Por Lucas Azevedo – O Estado de São Paulo – 06/12/2014
Preso em dezembro de 201, Maiquel de Almeida Guilherme havia sido condenado a 22 anos de prisão em Porto Alegre
Porto Alegre - Um dos assassinos do coronel da reserva Julio Miguel Molinas Dias, ex-chefe do DOI–Codi do Rio de Janeiro, em 2012, o policial militar Maiquel de Almeida Guilherme, fugiu da cadeia nesta sexta-feira 5 . Ele estava preso no Batalhão de Polícia de Guardas, em Porto Alegre, aguardando sua expulsão da Brigada Militar. Depois disso, ele seria transferido para o Presídio Central.
Segundo a Corregedoria da Brigada Militar, Guilherme acessou o telhado do Batalhão, na noite de sexta-feira depois de arrombar a porta e passar por uma janela. Da cobertura, pulou um muro e entrou em um carro para, então desaparecer. O soldado estava preso desde dezembro de 2012 e havia sido condenado a 22 anos e 10 meses de prisão.

A policia faz buscas do fugitivo.

Guilherme participou do assassinato de Molina Dias, 78 anos, no dia 1º de novembro de 2012, em Porto Alegre. O coronel foi morto quando chegava em casa, em seu carro, no bairro Três Figueiras.
Na época foram presos Guilherme e um colega de farda, a namorada de um deles e outo suspeito.

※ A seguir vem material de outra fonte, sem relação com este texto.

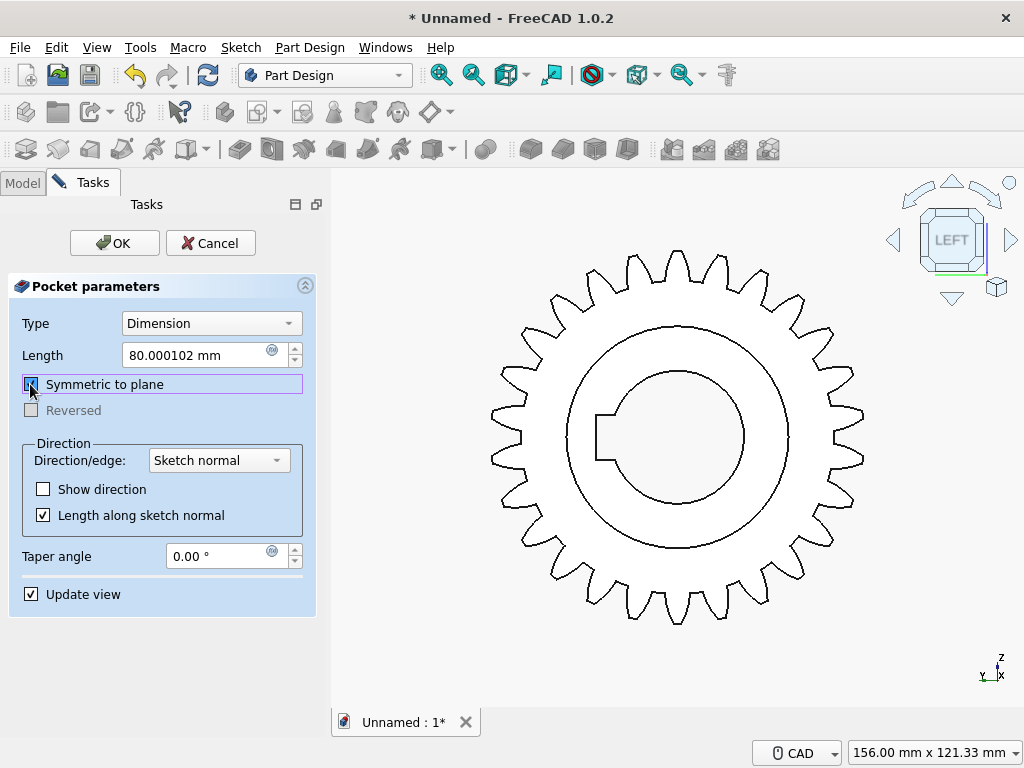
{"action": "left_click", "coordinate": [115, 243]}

Eles foram acusados de envolvimento em assaltos e tráfico de drogas. Os suspeitos teriam rendido Molinas para invadir sua casa e roubar o arsenal que o oficial mantinha.

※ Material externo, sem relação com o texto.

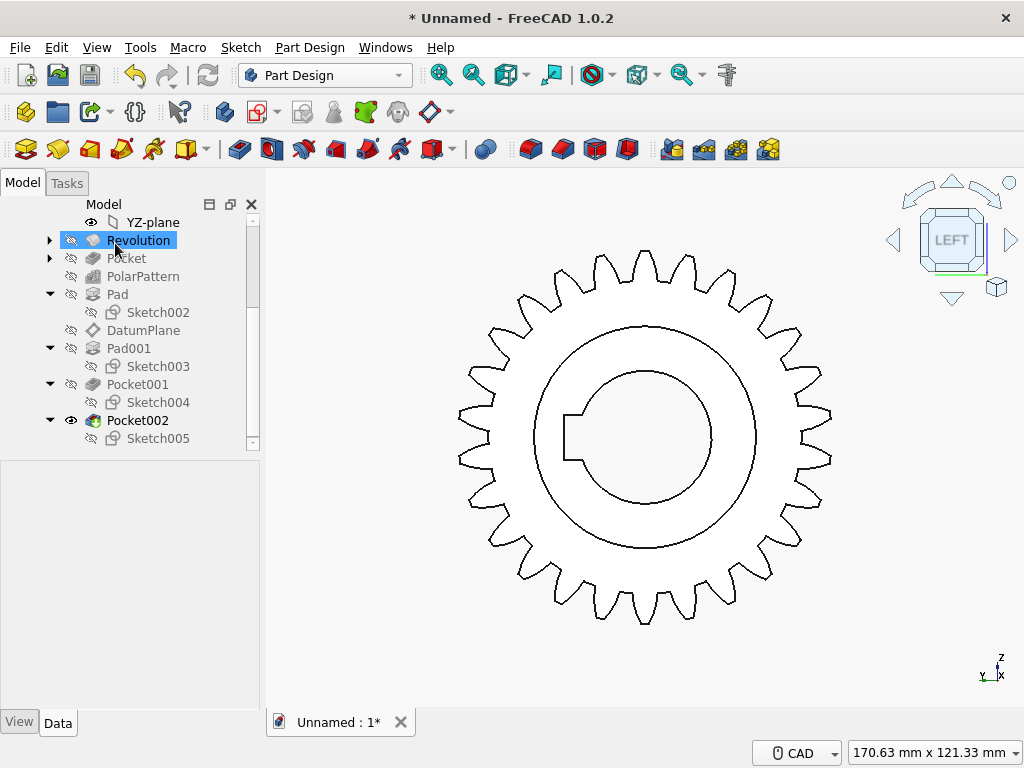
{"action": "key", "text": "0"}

O assassinato do coronel acabou por desencadear a descoberta de documentos sobre o desaparecimento do ex-deputado Rubens Paiva, em 1971.

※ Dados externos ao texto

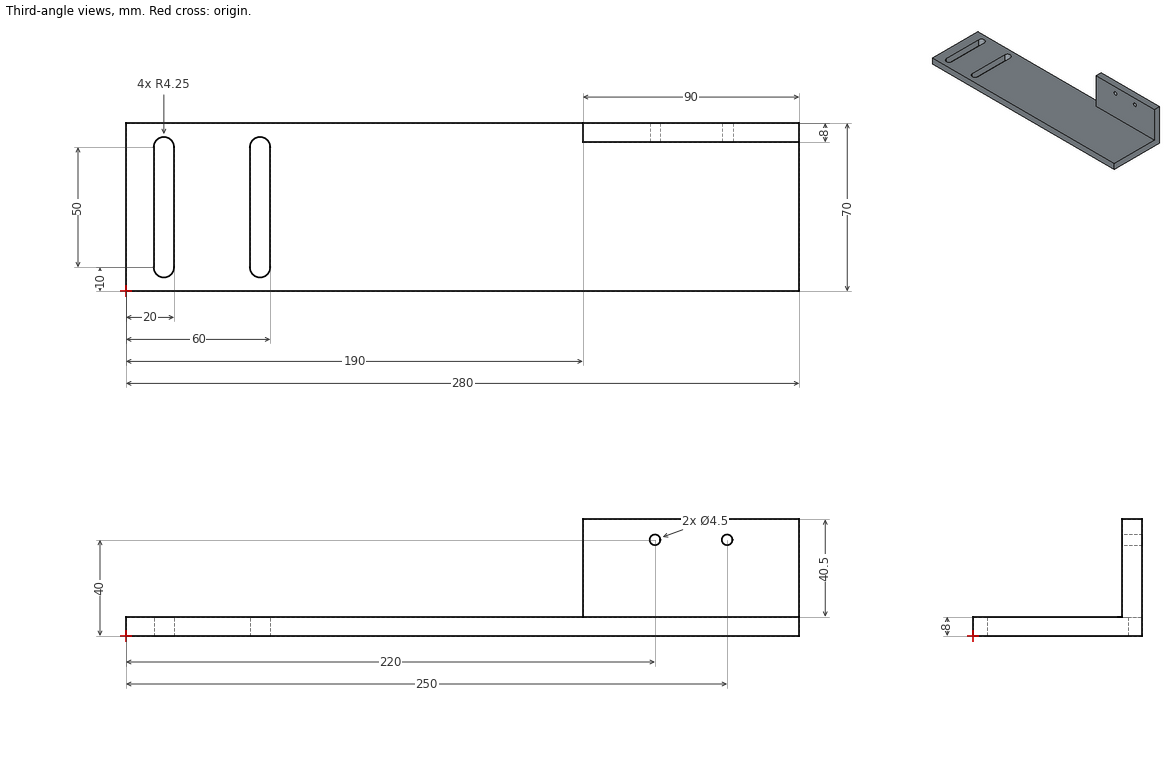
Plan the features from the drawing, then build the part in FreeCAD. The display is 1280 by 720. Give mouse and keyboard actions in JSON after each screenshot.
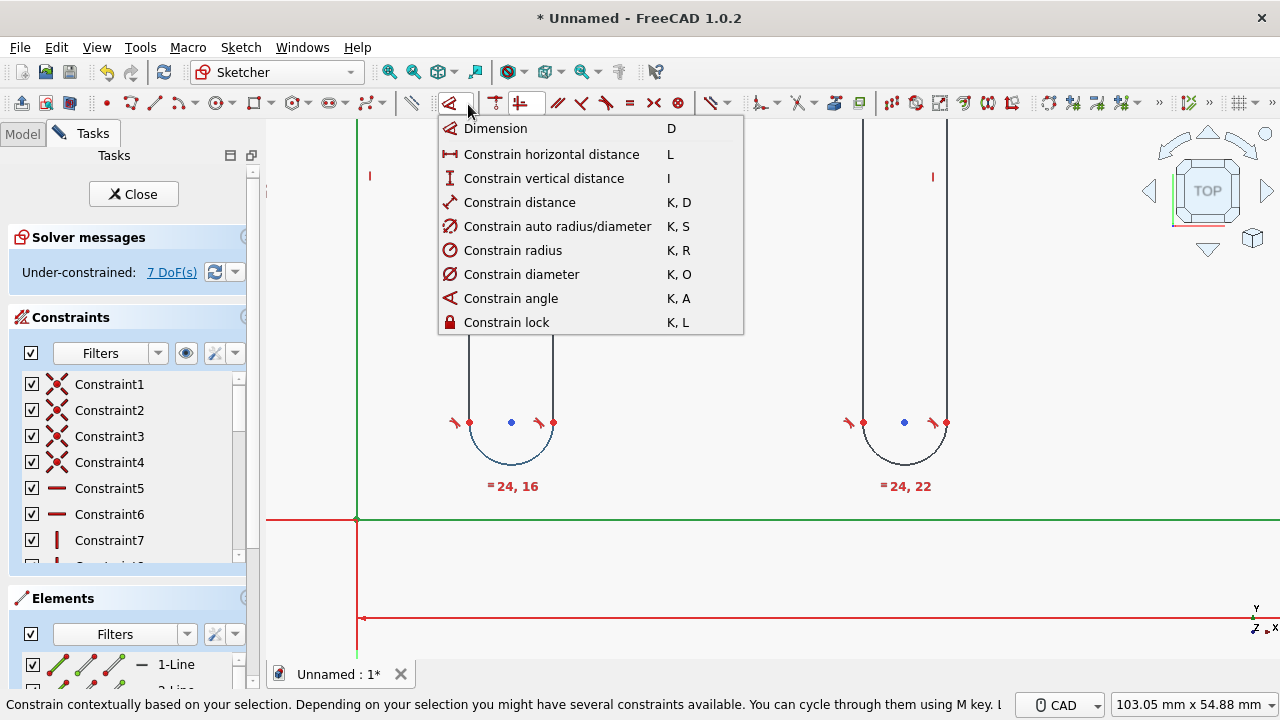
{"action": "left_click", "coordinate": [591, 250]}

Durante as investigações, foram encontrados documentos relativos ao regime militar. Ele foi chefe do Destacamento de Operações Internas ( DOI- Codi) do Rio de Janeiro, no início da década de 1980.
No arquivo que o coronel da reserva mantinha em casa , foi encontrado um ofício datado de 20 de janeiro de 1971 que continha uma ralação de objetos pessoais que estavam com Rubens Paiva no momento de seu desaparecimento.

O relatório identifica ainda que o deputado chegou ao DOI–Dodi naquele dia trazido por uma equipe do Centro de Inteligência da Aeronáutica.

O documento contraria a versão dada até então de que o deputado havia sido sequestrado quando estava a caminho da sede de órgão repressor.